The records below must be output exactly, without pictures.

Exercise inputs:
=== Section Start ===

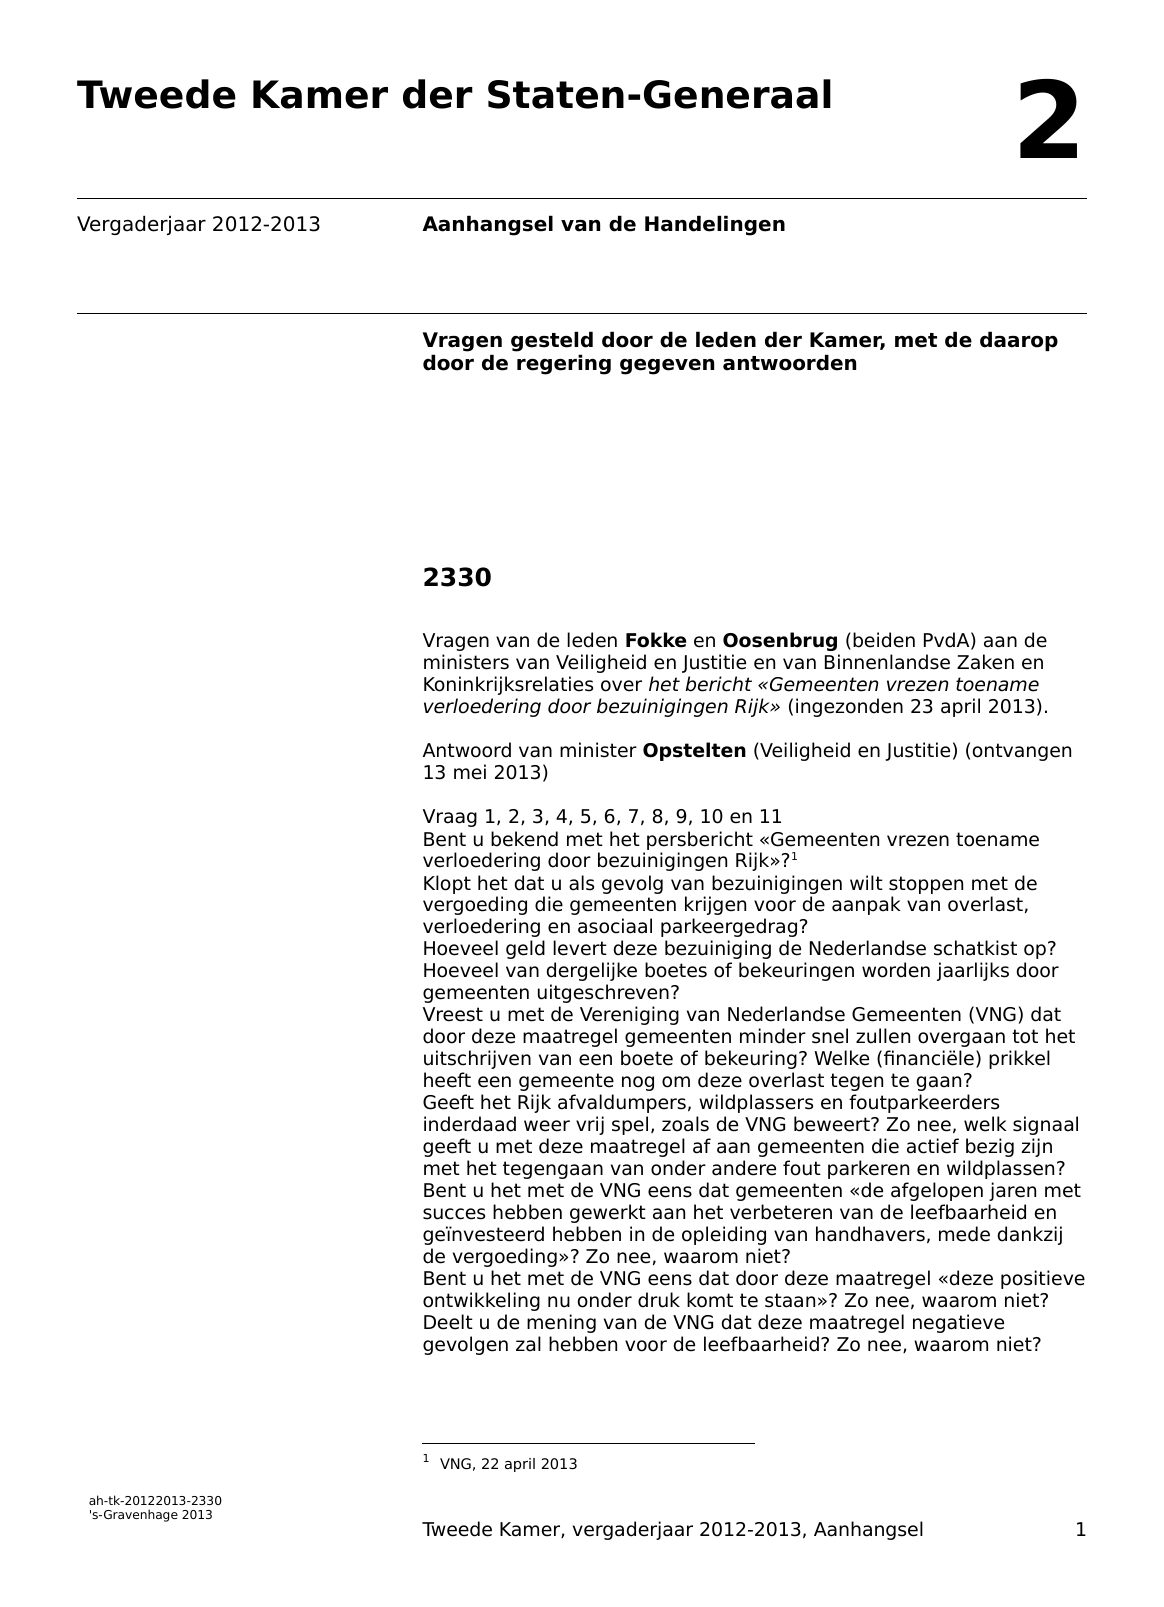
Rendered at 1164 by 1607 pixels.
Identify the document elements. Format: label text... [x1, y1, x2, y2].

text Vreest u met de Vereniging van Nederlandse Gemeenten (VNG) dat door deze maatregel gemeenten minder snel zullen overgaan tot het uitschrijven van een boete of bekeuring? Welke (financiële) prikkel heeft een gemeente nog om deze overlast tegen te gaan? [422, 1004, 1087, 1092]
table_cell Vragen gesteld door de leden der Kamer, met de daarop door de regering gegeven antwoorden [422, 314, 1087, 375]
text VNG, 22 april 2013 [422, 1452, 1087, 1474]
text Vraag 1, 2, 3, 4, 5, 6, 7, 8, 9, 10 en 11 [422, 806, 1087, 828]
table_cell [77, 314, 422, 375]
text 2330 [422, 563, 1087, 592]
table_header 2 [886, 59, 1087, 198]
text Deelt u de mening van de VNG dat deze maatregel negatieve gevolgen zal hebben voor de leefbaarheid? Zo nee, waarom niet? [422, 1312, 1087, 1356]
text Vragen van de leden Fokke en Oosenbrug (beiden PvdA) aan de ministers van Veiligheid en Justitie en van Binnenlandse Zaken en Koninkrijksrelaties over het bericht «Gemeenten vrezen toename verloedering door bezuinigingen Rijk» (ingezonden 23 april 2013). [422, 630, 1087, 718]
text Hoeveel geld levert deze bezuiniging de Nederlandse schatkist op? Hoeveel van dergelijke boetes of bekeuringen worden jaarlijks door gemeenten uitgeschreven? [422, 938, 1087, 1004]
text Bent u bekend met het persbericht «Gemeenten vrezen toename verloedering door bezuinigingen Rijk»? [422, 828, 1087, 872]
table_header Tweede Kamer der Staten-Generaal [77, 59, 886, 198]
text Klopt het dat u als gevolg van bezuinigingen wilt stoppen met de vergoeding die gemeenten krijgen voor de aanpak van overlast, verloedering en asociaal parkeergedrag? [422, 872, 1087, 938]
text Geeft het Rijk afvaldumpers, wildplassers en foutparkeerders inderdaad weer vrij spel, zoals de VNG beweert? Zo nee, welk signaal geeft u met deze maatregel af aan gemeenten die actief bezig zijn met het tegengaan van onder andere fout parkeren en wildplassen? [422, 1092, 1087, 1180]
table_cell Vergaderjaar 2012-2013 [77, 199, 422, 313]
text Antwoord van minister Opstelten (Veiligheid en Justitie) (ontvangen 13 mei 2013) [422, 740, 1087, 784]
table_cell Aanhangsel van de Handelingen [422, 199, 1087, 313]
text ah-tk-20122013-2330 [88, 1494, 323, 1508]
text Bent u het met de VNG eens dat gemeenten «de afgelopen jaren met succes hebben gewerkt aan het verbeteren van de leefbaarheid en geïnvesteerd hebben in de opleiding van handhavers, mede dankzij de vergoeding»? Zo nee, waarom niet? [422, 1180, 1087, 1268]
text Bent u het met de VNG eens dat door deze maatregel «deze positieve ontwikkeling nu onder druk komt te staan»? Zo nee, waarom niet? [422, 1268, 1087, 1312]
text 's-Gravenhage 2013 [88, 1508, 323, 1522]
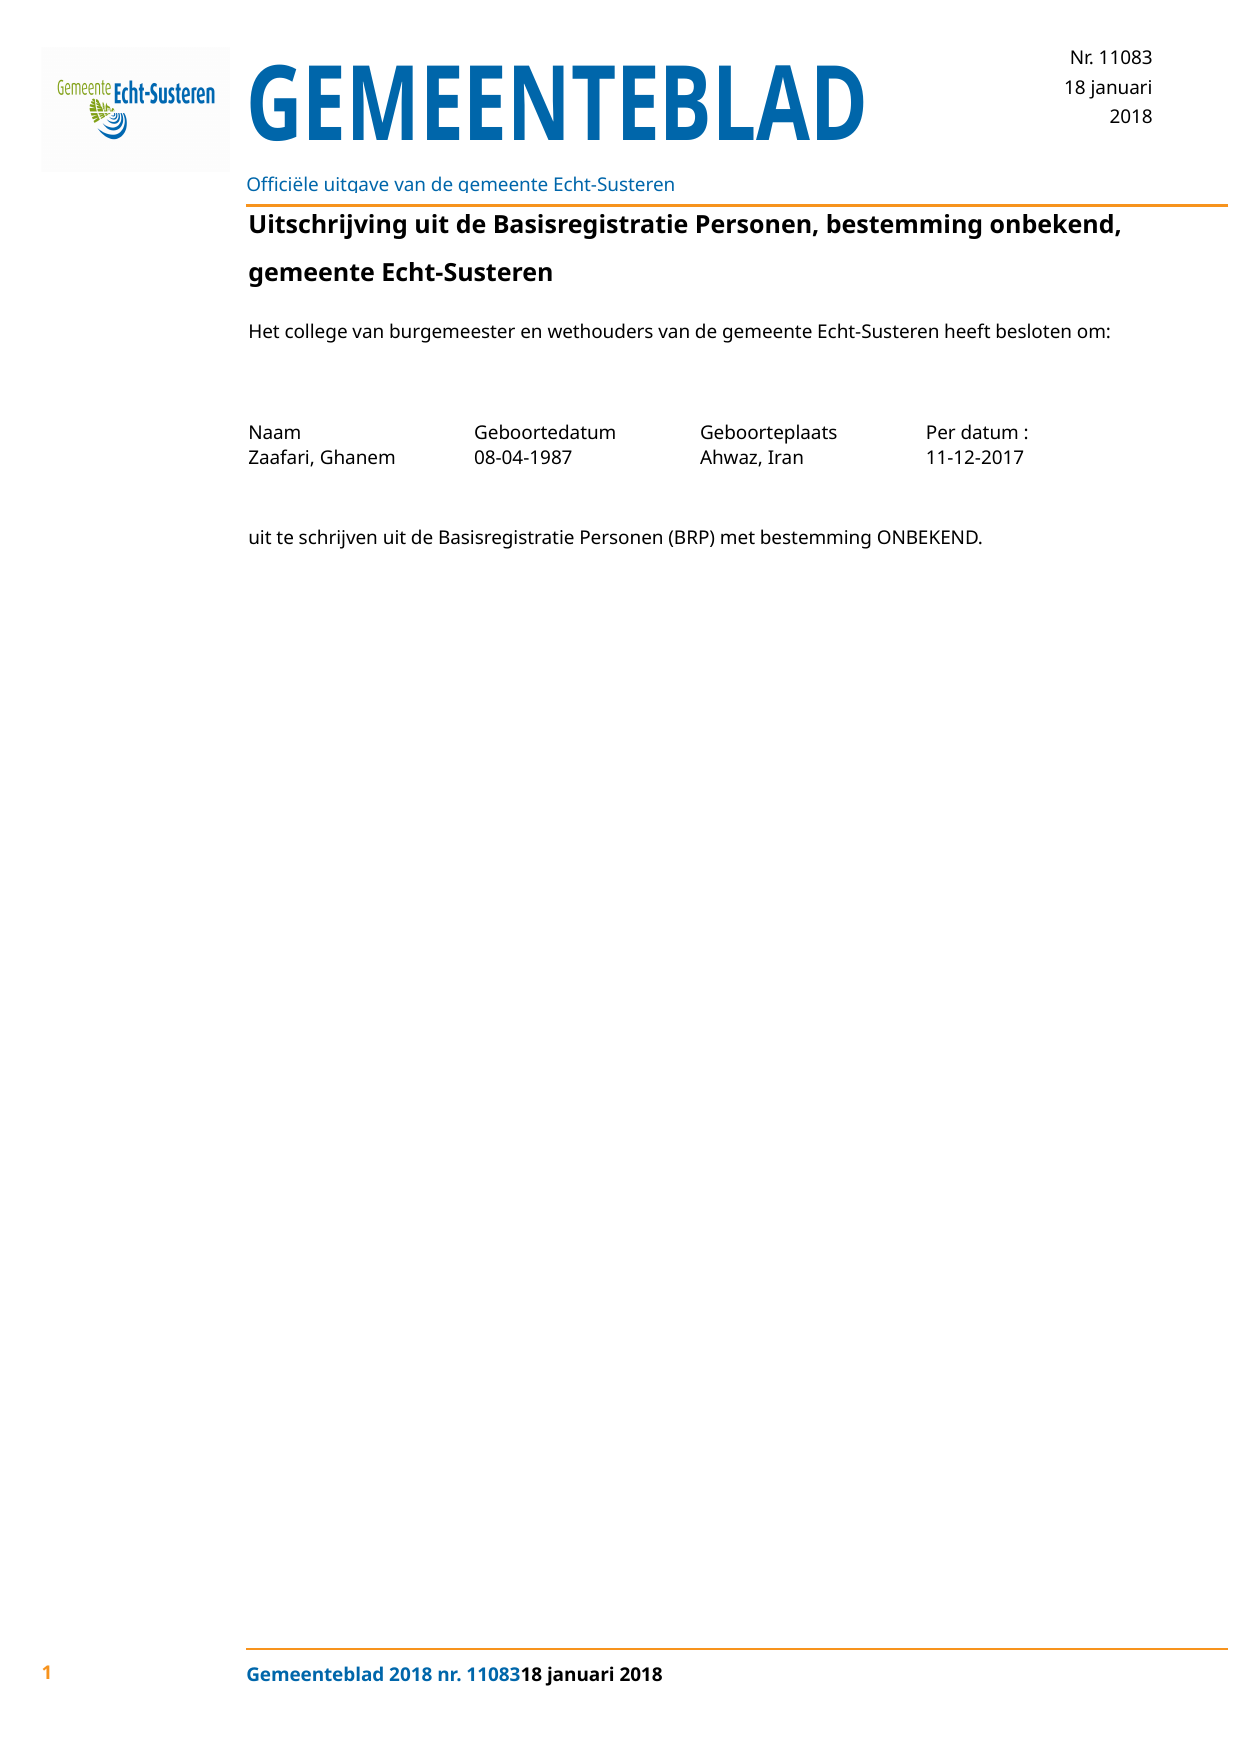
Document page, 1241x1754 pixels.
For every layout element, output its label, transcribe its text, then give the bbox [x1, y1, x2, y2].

table_header Geboortedatum [474, 419, 700, 444]
table_cell Ahwaz, Iran [700, 445, 926, 470]
table_cell 08-04-1987 [474, 445, 700, 470]
text Het college van burgemeester en wethouders van de gemeente Echt-Susteren heeft besloten om: [248, 318, 1152, 344]
text Uitschrijving uit de Basisregistratie Personen, bestemming onbekend, gemeente Echt-Susteren [248, 207, 1152, 288]
table_cell 11-12-2017 [926, 445, 1152, 470]
picture [41, 47, 231, 172]
table_cell Zaafari, Ghanem [248, 445, 474, 470]
table_header Per datum : [926, 419, 1152, 444]
table_header Geboorteplaats [700, 419, 926, 444]
text uit te schrijven uit de Basisregistratie Personen (BRP) met bestemming ONBEKEND. [248, 524, 1152, 550]
table_header Naam [248, 419, 474, 444]
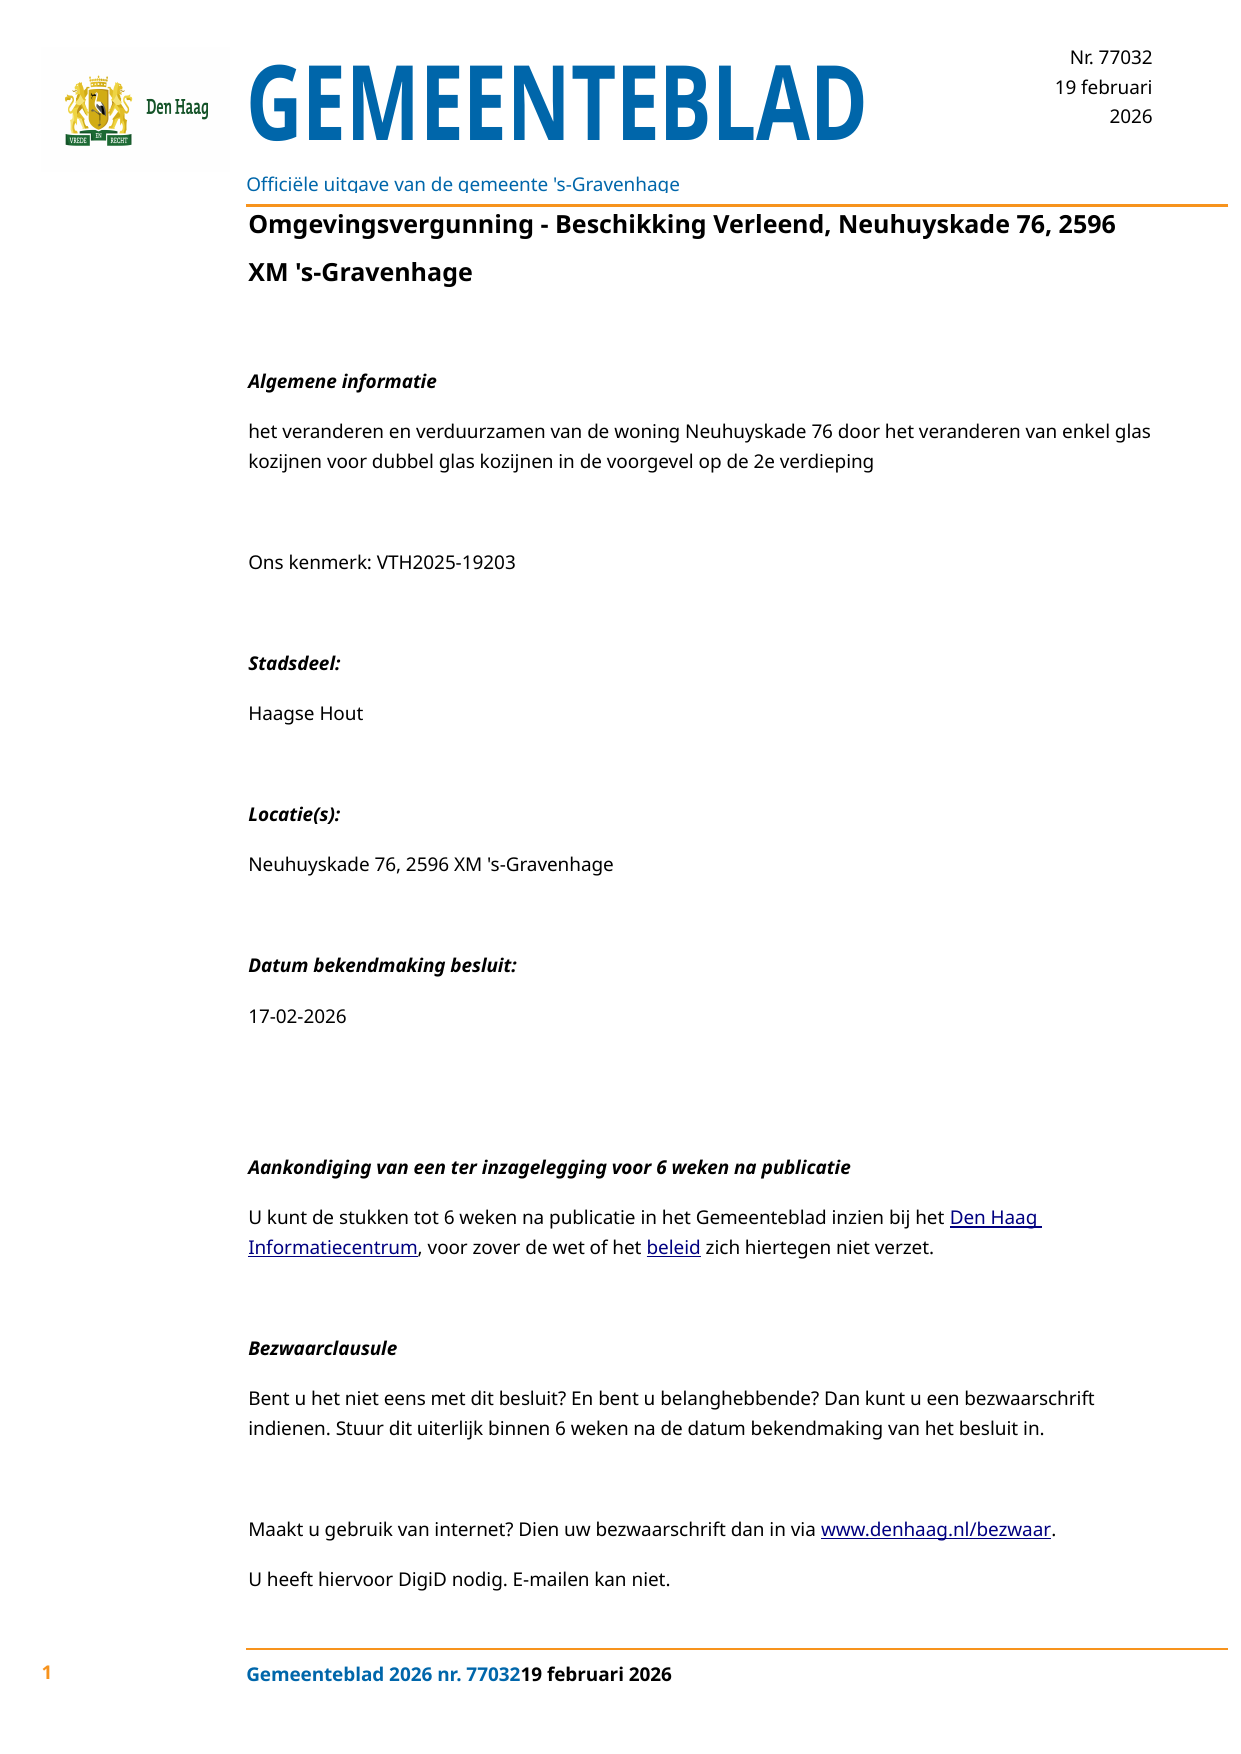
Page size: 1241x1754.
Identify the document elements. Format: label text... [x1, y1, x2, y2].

text Ons kenmerk: VTH2025-19203 [248, 549, 1152, 575]
text Bent u het niet eens met dit besluit? En bent u belanghebbende? Dan kunt u een bezwaarschrift indienen. Stuur dit uiterlijk binnen 6 weken na de datum bekendmaking van het besluit in. [248, 1385, 1152, 1441]
text Omgevingsvergunning - Beschikking Verleend, Neuhuyskade 76, 2596 XM 's-Gravenhage [248, 207, 1152, 288]
text Haagse Hout [248, 700, 1152, 726]
text U kunt de stukken tot 6 weken na publicatie in het Gemeenteblad inzien bij het Den Haag Informatiecentrum, voor zover de wet of het beleid zich hiertegen niet verzet. [248, 1204, 1152, 1260]
text Bezwaarclausule [248, 1335, 1152, 1361]
text U heeft hiervoor DigiD nodig. E-mailen kan niet. [248, 1566, 1152, 1592]
text 17-02-2026 [248, 1003, 1152, 1029]
text Neuhuyskade 76, 2596 XM 's-Gravenhage [248, 852, 1152, 877]
text Locatie(s): [248, 801, 1152, 827]
text Stadsdeel: [248, 650, 1152, 676]
text Algemene informatie [248, 368, 1152, 394]
text Datum bekendmaking besluit: [248, 952, 1152, 978]
text Maakt u gebruik van internet? Dien uw bezwaarschrift dan in via www.denhaag.nl/bezwaar. [248, 1516, 1152, 1542]
picture [41, 47, 231, 172]
text het veranderen en verduurzamen van de woning Neuhuyskade 76 door het veranderen van enkel glas kozijnen voor dubbel glas kozijnen in de voorgevel op de 2e verdieping [248, 419, 1152, 474]
text Aankondiging van een ter inzagelegging voor 6 weken na publicatie [248, 1154, 1152, 1180]

=== Section End ===

Result of this exercise:
Rendered at 1164 by 1607 pixels.
Identify the document elements. Format: label text... [x1, y1, x2, y2].

text Vreest u met de Vereniging van Nederlandse Gemeenten (VNG) dat door deze maatregel gemeenten minder snel zullen overgaan tot het uitschrijven van een boete of bekeuring? Welke (financiële) prikkel heeft een gemeente nog om deze overlast tegen te gaan? [422, 1004, 1087, 1092]
table_cell Vragen gesteld door de leden der Kamer, met de daarop door de regering gegeven antwoorden [422, 314, 1087, 375]
text VNG, 22 april 2013 [422, 1452, 1087, 1474]
text Vraag 1, 2, 3, 4, 5, 6, 7, 8, 9, 10 en 11 [422, 806, 1087, 828]
table_cell [77, 314, 422, 375]
text 2330 [422, 563, 1087, 592]
table_header 2 [886, 59, 1087, 198]
text Deelt u de mening van de VNG dat deze maatregel negatieve gevolgen zal hebben voor de leefbaarheid? Zo nee, waarom niet? [422, 1312, 1087, 1356]
text Vragen van de leden Fokke en Oosenbrug (beiden PvdA) aan de ministers van Veiligheid en Justitie en van Binnenlandse Zaken en Koninkrijksrelaties over het bericht «Gemeenten vrezen toename verloedering door bezuinigingen Rijk» (ingezonden 23 april 2013). [422, 630, 1087, 718]
text Hoeveel geld levert deze bezuiniging de Nederlandse schatkist op? Hoeveel van dergelijke boetes of bekeuringen worden jaarlijks door gemeenten uitgeschreven? [422, 938, 1087, 1004]
text Bent u bekend met het persbericht «Gemeenten vrezen toename verloedering door bezuinigingen Rijk»? [422, 828, 1087, 872]
table_header Tweede Kamer der Staten-Generaal [77, 59, 886, 198]
text Klopt het dat u als gevolg van bezuinigingen wilt stoppen met de vergoeding die gemeenten krijgen voor de aanpak van overlast, verloedering en asociaal parkeergedrag? [422, 872, 1087, 938]
text Geeft het Rijk afvaldumpers, wildplassers en foutparkeerders inderdaad weer vrij spel, zoals de VNG beweert? Zo nee, welk signaal geeft u met deze maatregel af aan gemeenten die actief bezig zijn met het tegengaan van onder andere fout parkeren en wildplassen? [422, 1092, 1087, 1180]
table_cell Vergaderjaar 2012-2013 [77, 199, 422, 313]
text Antwoord van minister Opstelten (Veiligheid en Justitie) (ontvangen 13 mei 2013) [422, 740, 1087, 784]
table_cell Aanhangsel van de Handelingen [422, 199, 1087, 313]
text ah-tk-20122013-2330 [88, 1494, 323, 1508]
text Bent u het met de VNG eens dat gemeenten «de afgelopen jaren met succes hebben gewerkt aan het verbeteren van de leefbaarheid en geïnvesteerd hebben in de opleiding van handhavers, mede dankzij de vergoeding»? Zo nee, waarom niet? [422, 1180, 1087, 1268]
text Bent u het met de VNG eens dat door deze maatregel «deze positieve ontwikkeling nu onder druk komt te staan»? Zo nee, waarom niet? [422, 1268, 1087, 1312]
text 's-Gravenhage 2013 [88, 1508, 323, 1522]
Document page, 1241x1754 pixels.
For every layout element, output its label, transcribe its text, then give the bbox [x1, y1, x2, y2].

table_header Geboortedatum [474, 419, 700, 444]
table_cell Ahwaz, Iran [700, 445, 926, 470]
table_cell 08-04-1987 [474, 445, 700, 470]
text Het college van burgemeester en wethouders van de gemeente Echt-Susteren heeft besloten om: [248, 318, 1152, 344]
text Uitschrijving uit de Basisregistratie Personen, bestemming onbekend, gemeente Echt-Susteren [248, 207, 1152, 288]
table_cell 11-12-2017 [926, 445, 1152, 470]
picture [41, 47, 231, 172]
table_cell Zaafari, Ghanem [248, 445, 474, 470]
table_header Per datum : [926, 419, 1152, 444]
table_header Geboorteplaats [700, 419, 926, 444]
text uit te schrijven uit de Basisregistratie Personen (BRP) met bestemming ONBEKEND. [248, 524, 1152, 550]
table_header Naam [248, 419, 474, 444]
Page size: 1241x1754.
Identify the document elements. Format: label text... [x1, y1, x2, y2].

text Ons kenmerk: VTH2025-19203 [248, 549, 1152, 575]
text Bent u het niet eens met dit besluit? En bent u belanghebbende? Dan kunt u een bezwaarschrift indienen. Stuur dit uiterlijk binnen 6 weken na de datum bekendmaking van het besluit in. [248, 1385, 1152, 1441]
text Omgevingsvergunning - Beschikking Verleend, Neuhuyskade 76, 2596 XM 's-Gravenhage [248, 207, 1152, 288]
text Haagse Hout [248, 700, 1152, 726]
text U kunt de stukken tot 6 weken na publicatie in het Gemeenteblad inzien bij het Den Haag Informatiecentrum, voor zover de wet of het beleid zich hiertegen niet verzet. [248, 1204, 1152, 1260]
text Bezwaarclausule [248, 1335, 1152, 1361]
text U heeft hiervoor DigiD nodig. E-mailen kan niet. [248, 1566, 1152, 1592]
text 17-02-2026 [248, 1003, 1152, 1029]
text Neuhuyskade 76, 2596 XM 's-Gravenhage [248, 852, 1152, 877]
text Locatie(s): [248, 801, 1152, 827]
text Stadsdeel: [248, 650, 1152, 676]
text Algemene informatie [248, 368, 1152, 394]
text Datum bekendmaking besluit: [248, 952, 1152, 978]
text Maakt u gebruik van internet? Dien uw bezwaarschrift dan in via www.denhaag.nl/bezwaar. [248, 1516, 1152, 1542]
picture [41, 47, 231, 172]
text het veranderen en verduurzamen van de woning Neuhuyskade 76 door het veranderen van enkel glas kozijnen voor dubbel glas kozijnen in de voorgevel op de 2e verdieping [248, 419, 1152, 474]
text Aankondiging van een ter inzagelegging voor 6 weken na publicatie [248, 1154, 1152, 1180]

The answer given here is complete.